- Poster
- Genre: Sitcom
- Directed by: Surendra
- Starring: Suma Kanakala; Sruthi; Hemanth; Raghava; Udaya Sree;
- Country of origin: India
- Original language: Telugu
- No. of seasons: 1
- No. of episodes: 17

Production
- Producer: Suma Kanakala
- Running time: 22 minutes
- Production company: Jujube TV

Original release
- Network: Star Maa; Hotstar;
- Release: 16 March 2020 – 3 January 2021

= House of Hungama =

Indian Telugu-language television series

House of Hungama is Indian Telugu-language sitcom that debuted on Star Maa on 16 March 2020, directed by Surendra. The series stars Suma Kanakala, Sruthi, RJ Hemanth, Raghava and Udaya Sree in lead roles.

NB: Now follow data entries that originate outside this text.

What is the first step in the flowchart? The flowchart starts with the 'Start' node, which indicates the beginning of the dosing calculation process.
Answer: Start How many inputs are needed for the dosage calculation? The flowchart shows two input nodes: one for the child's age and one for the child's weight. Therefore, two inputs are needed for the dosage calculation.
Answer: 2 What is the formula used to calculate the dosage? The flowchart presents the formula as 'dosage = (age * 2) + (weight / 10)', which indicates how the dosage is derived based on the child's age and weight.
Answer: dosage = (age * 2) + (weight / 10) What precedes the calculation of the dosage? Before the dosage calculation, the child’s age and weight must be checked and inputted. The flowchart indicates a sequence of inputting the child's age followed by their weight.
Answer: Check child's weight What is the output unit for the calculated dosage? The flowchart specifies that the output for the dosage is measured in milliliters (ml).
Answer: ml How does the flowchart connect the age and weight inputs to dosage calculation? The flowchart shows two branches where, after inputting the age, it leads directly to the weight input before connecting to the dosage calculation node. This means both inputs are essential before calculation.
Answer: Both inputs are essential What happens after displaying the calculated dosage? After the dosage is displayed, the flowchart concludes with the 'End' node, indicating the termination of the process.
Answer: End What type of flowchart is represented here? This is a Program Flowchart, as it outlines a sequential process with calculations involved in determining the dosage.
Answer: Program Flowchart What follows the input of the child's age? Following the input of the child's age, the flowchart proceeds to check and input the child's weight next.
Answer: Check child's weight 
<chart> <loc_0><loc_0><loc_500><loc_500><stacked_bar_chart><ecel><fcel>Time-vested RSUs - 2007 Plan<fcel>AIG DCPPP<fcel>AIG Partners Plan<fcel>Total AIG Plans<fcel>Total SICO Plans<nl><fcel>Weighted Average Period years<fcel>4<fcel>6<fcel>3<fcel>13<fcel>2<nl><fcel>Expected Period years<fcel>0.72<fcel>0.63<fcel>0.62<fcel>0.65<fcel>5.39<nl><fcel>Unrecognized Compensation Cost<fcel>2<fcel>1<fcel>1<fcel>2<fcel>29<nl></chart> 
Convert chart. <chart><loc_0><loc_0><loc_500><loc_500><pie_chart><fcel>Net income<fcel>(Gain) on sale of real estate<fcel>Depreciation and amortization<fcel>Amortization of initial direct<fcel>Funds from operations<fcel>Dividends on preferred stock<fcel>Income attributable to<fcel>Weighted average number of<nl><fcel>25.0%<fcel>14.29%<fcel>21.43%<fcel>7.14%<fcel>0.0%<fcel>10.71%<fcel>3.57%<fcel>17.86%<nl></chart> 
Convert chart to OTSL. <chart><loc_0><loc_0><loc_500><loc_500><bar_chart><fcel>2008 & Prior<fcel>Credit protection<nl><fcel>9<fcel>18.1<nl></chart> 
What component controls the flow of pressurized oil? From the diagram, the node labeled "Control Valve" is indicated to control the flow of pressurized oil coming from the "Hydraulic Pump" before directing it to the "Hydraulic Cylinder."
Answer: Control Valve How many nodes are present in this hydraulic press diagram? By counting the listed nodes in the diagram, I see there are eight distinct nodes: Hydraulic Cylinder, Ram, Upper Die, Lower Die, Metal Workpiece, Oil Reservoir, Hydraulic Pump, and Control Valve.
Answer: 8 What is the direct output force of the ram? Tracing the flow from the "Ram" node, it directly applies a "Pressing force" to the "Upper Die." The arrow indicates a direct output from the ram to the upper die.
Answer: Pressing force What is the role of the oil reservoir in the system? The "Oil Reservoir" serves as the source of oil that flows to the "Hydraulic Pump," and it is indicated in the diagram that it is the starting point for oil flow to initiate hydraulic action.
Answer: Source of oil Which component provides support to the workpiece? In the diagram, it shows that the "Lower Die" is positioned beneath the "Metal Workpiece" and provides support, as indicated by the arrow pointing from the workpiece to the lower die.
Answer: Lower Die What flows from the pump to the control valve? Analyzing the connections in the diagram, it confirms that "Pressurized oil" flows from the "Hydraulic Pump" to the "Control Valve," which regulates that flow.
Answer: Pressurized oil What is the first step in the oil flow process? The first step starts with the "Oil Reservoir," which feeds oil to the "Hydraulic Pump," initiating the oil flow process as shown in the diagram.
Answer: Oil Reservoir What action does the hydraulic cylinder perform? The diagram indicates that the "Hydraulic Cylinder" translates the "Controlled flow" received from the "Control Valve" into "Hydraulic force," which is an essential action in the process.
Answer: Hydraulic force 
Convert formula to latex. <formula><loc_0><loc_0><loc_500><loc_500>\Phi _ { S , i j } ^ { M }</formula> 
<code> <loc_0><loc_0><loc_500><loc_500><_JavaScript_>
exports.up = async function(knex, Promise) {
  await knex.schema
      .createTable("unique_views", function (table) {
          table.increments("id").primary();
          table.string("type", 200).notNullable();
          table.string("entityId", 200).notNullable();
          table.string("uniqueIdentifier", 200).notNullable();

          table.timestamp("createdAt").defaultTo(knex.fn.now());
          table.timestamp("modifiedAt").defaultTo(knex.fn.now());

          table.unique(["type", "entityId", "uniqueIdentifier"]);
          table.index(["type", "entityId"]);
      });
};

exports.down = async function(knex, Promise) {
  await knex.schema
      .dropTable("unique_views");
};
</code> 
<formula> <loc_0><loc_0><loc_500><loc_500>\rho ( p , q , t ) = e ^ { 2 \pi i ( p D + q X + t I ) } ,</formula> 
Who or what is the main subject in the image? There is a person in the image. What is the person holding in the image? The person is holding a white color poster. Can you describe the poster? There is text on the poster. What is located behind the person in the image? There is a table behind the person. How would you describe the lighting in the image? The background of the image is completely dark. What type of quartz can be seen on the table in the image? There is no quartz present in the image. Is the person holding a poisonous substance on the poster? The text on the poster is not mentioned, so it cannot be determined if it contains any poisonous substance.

The show went off air abruptly due to COVID-19 when shooting was stalled due to lockdown and restarted on 1 Jan 2021 and ended on 3 Jan 2021.

== Cast==
- Suma Kanakala as Designer Devi : Arundhati's daughter in law, Ramakanth and Sameeksha's sister, Ranga brother's wife.
- Sruthi as Acidity Arundathi : Devi's and Ramakanth and Sameeksha's mother in law, Ranga's mother.
- Hemanth as Review Ranga
- Raghava as Engineer Ramakanth
- Udaya Sree as Sameeksha

== Development ==
Suma Kanakala returns to fiction after fifteen years to star in this sitcom for Star Maa which is produced by Suma's production house.

== Release ==
The first episode of the show was premiered on Star Maa on 16 March 2020, at 9.30-10 pm time slot which was also available on Hotstar on the same day. The show last aired on 2 April 2020 due to lockdown and went off air.

The show started airing again on 1 January 2021, with new episodes and ended on 3 January 2021.